Study Suggests New Way to Treat Chronic Pain

Gene that encodes crucial pain receptor may be key to therapy for major health problem

TORONTO, ON–(ENEWSPF)–March 26, 2012.  A University of Toronto scientist has helped identify a major gene affecting chronic pain sensitivity, an often debilitating problem that impacts nearly one in five people.

While there have been many breakthroughs in understanding the basic biology of pain over the past two decades, a major scientific challenge has been understanding why certain people develop pain and why others – including those with similar disorders or injuries – do not. Another challenge has been developing individualized therapies for specific patient populations.

Now, research published online in Nature Medicine points to solutions to both challenges. A research team led by U of T Professor Michael Salter of The Hospital for Sick Children (SickKids) and Professor Jeffrey Mogil of McGill University in Montreal has identified a major gene affecting chronic pain sensitivity. The findings also suggest a new approach to individualizing treatment of chronic pain.

The gene identified by the researchers encodes the pain receptor known as P2X7. Specifically, they discovered that a single amino-acid change in P2X7 controls sensitivity to the two main causes of chronic pain: inflammation and nerve damage.

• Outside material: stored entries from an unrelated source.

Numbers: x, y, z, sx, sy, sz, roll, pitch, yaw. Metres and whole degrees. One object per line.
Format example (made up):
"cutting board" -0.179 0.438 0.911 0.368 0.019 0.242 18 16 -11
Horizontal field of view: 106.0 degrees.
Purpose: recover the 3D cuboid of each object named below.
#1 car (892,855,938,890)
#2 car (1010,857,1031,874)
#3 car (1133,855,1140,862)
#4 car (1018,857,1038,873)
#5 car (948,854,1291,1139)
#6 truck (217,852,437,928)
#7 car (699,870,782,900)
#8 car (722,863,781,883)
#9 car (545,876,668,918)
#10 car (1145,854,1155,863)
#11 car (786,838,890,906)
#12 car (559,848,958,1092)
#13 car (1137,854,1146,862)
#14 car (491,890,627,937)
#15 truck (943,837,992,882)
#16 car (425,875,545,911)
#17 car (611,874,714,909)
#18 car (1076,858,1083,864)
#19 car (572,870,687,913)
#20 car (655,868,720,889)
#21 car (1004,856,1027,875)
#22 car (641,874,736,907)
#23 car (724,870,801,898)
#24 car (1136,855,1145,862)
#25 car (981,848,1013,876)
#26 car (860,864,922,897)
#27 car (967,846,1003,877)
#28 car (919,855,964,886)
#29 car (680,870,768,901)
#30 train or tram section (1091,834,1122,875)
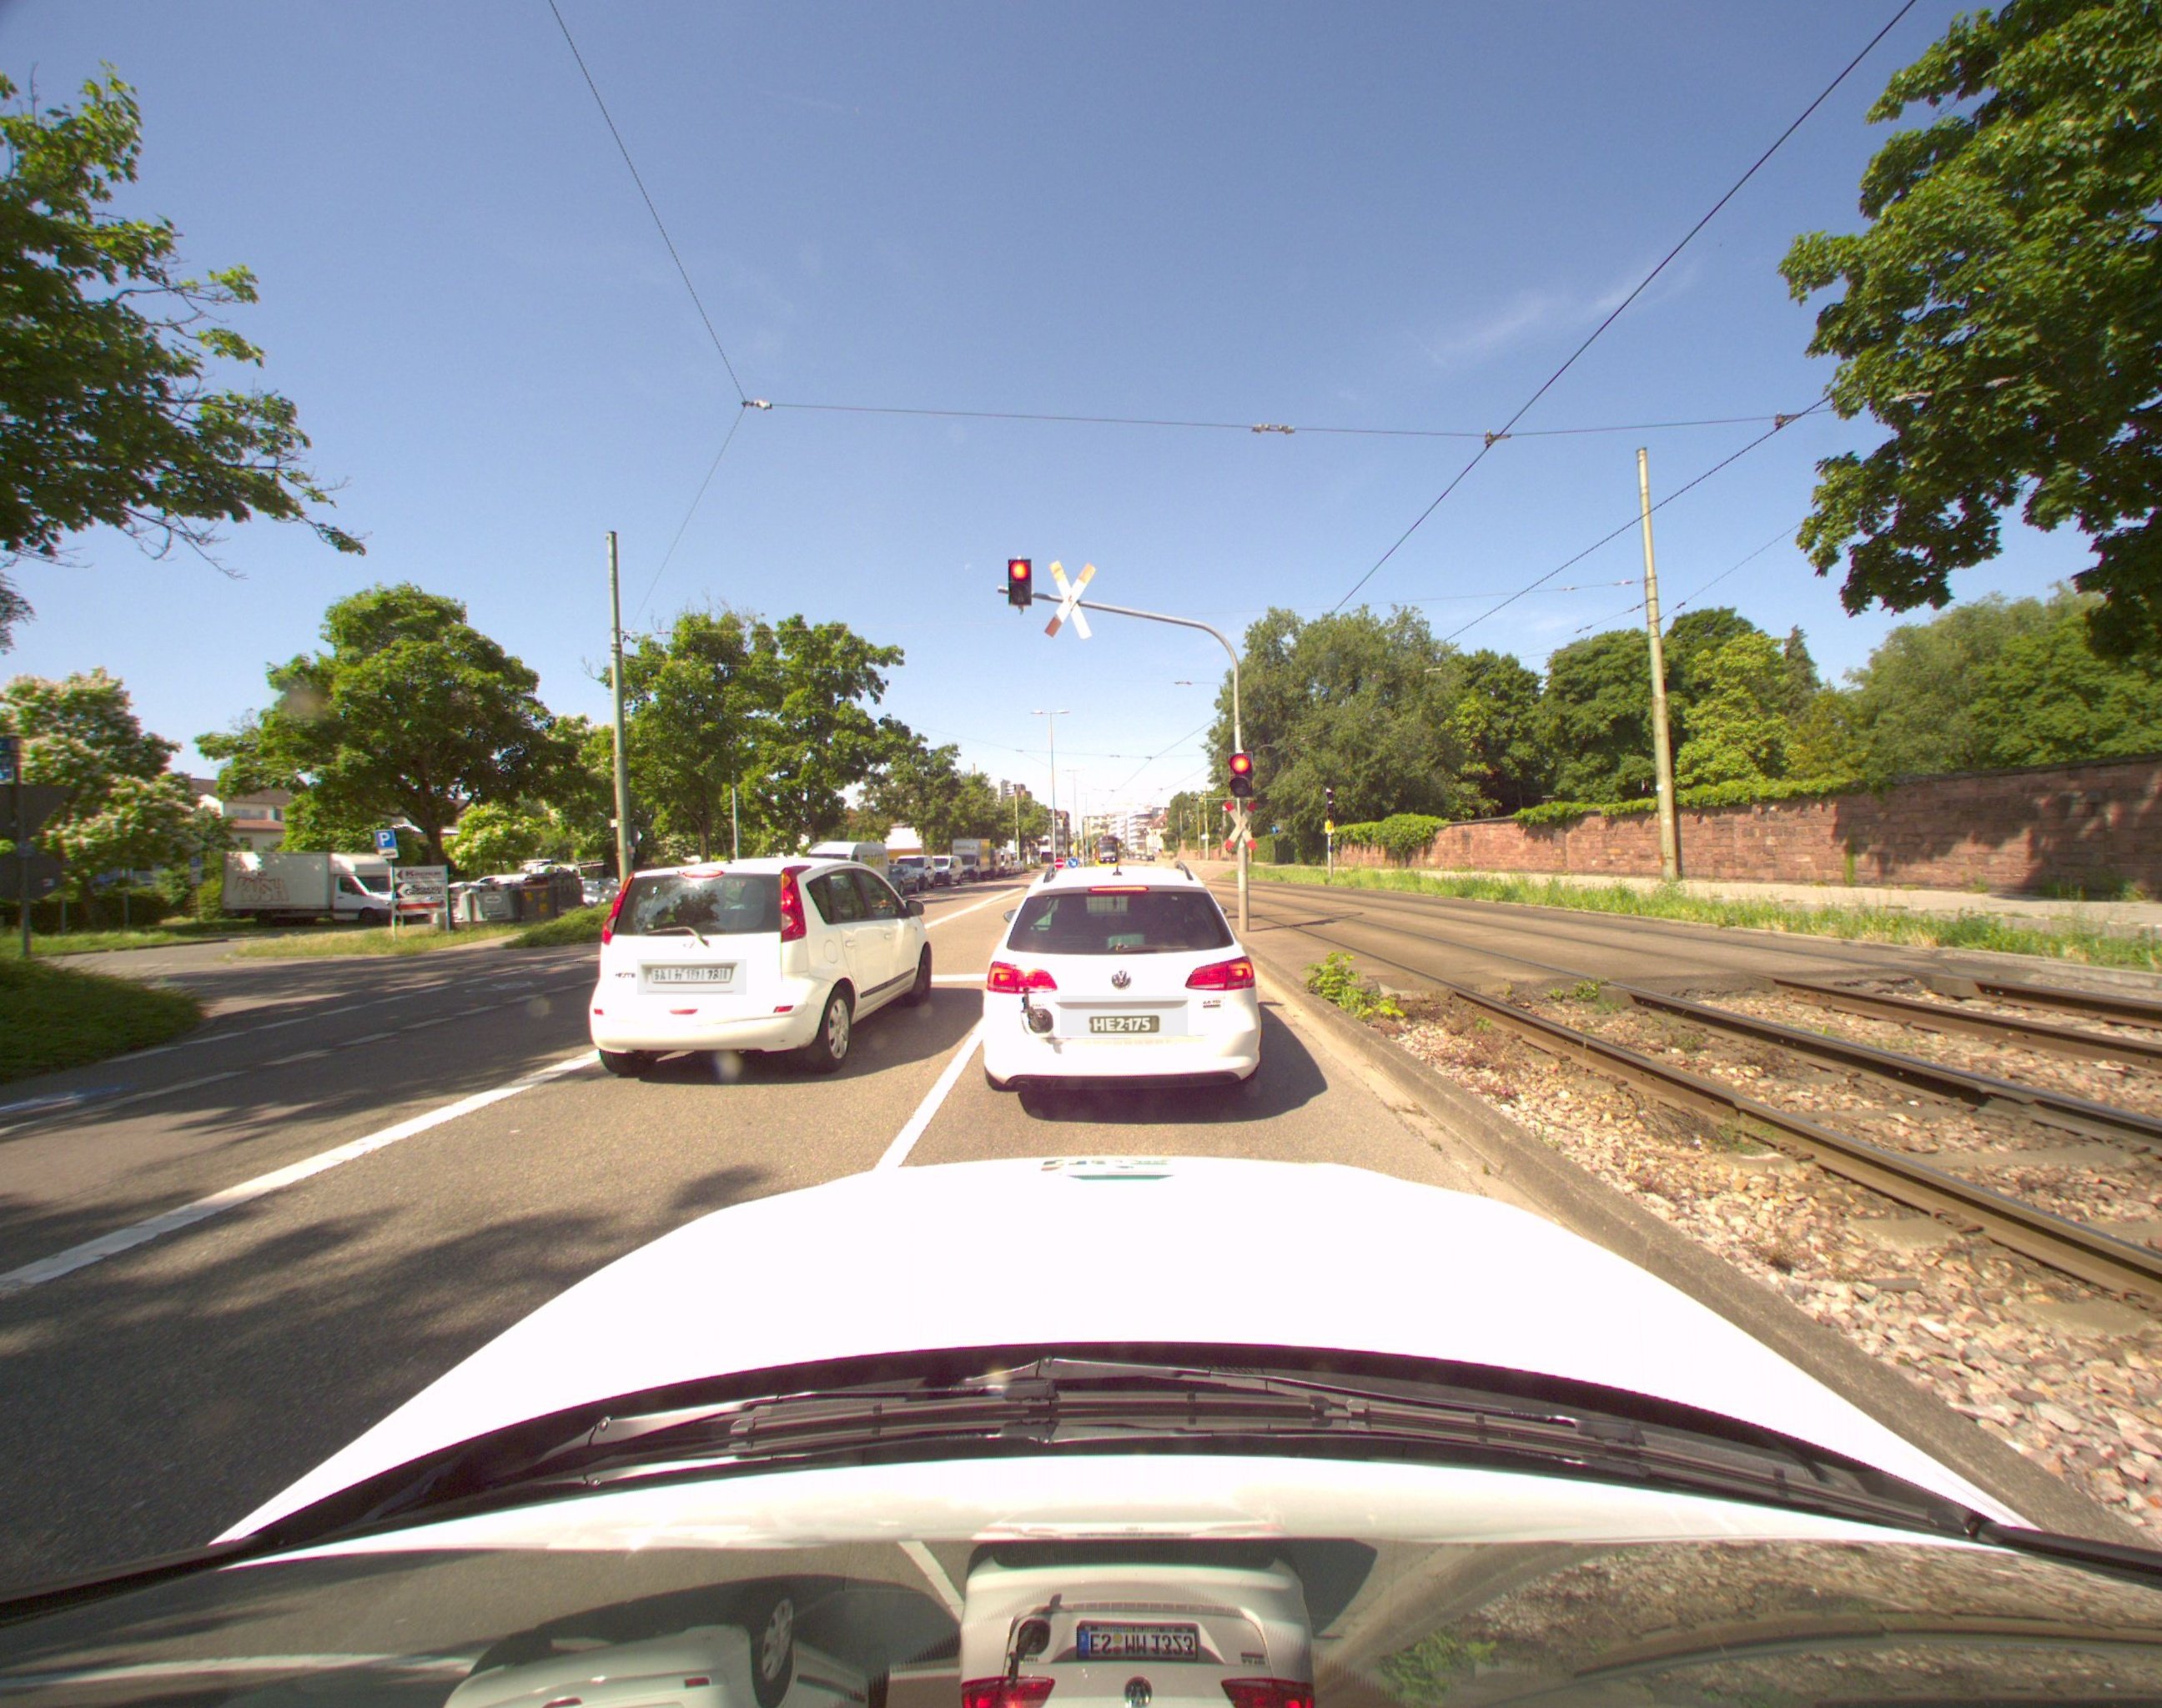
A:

The amino-acid change is known to affect only one function of P2X7 receptors: the forming of pores that permit large molecules to pass through. The researchers found that pain behaviours were dramatically reduced by using a peptide that targets pore formation.

The team examined genetic differences in human patients suffering from chronic post-mastectomy pain and osteoarthritis. In both cases, they found individuals with genetically inherited low pore formation in P2X7 receptors experienced lower pain levels.

“Our findings indicate that it may be possible to develop drugs that block pores in this crucial receptor, while leaving its other function intact – thereby killing pain while minimizing side effects,” said Mogil, E.P. Taylor Professor of Pain Research in McGill’s Department of Psychology.

Salter, a Professor in U of T’s Department of Physiology who holds the Canada Research Chair in Neuroplasticity and Pain, said these discoveries “point toward a new strategy for individualizing the treatment of chronic pain.” Scientists from the U.S. and Israel also contributed to the study.

The study was supported by the Krembil Foundation, the Louise and Alan Edwards Foundation, the US National Institutes of Health (NIH), the Canadian Institutes of Health Research (CIHR) and SickKids Foundation.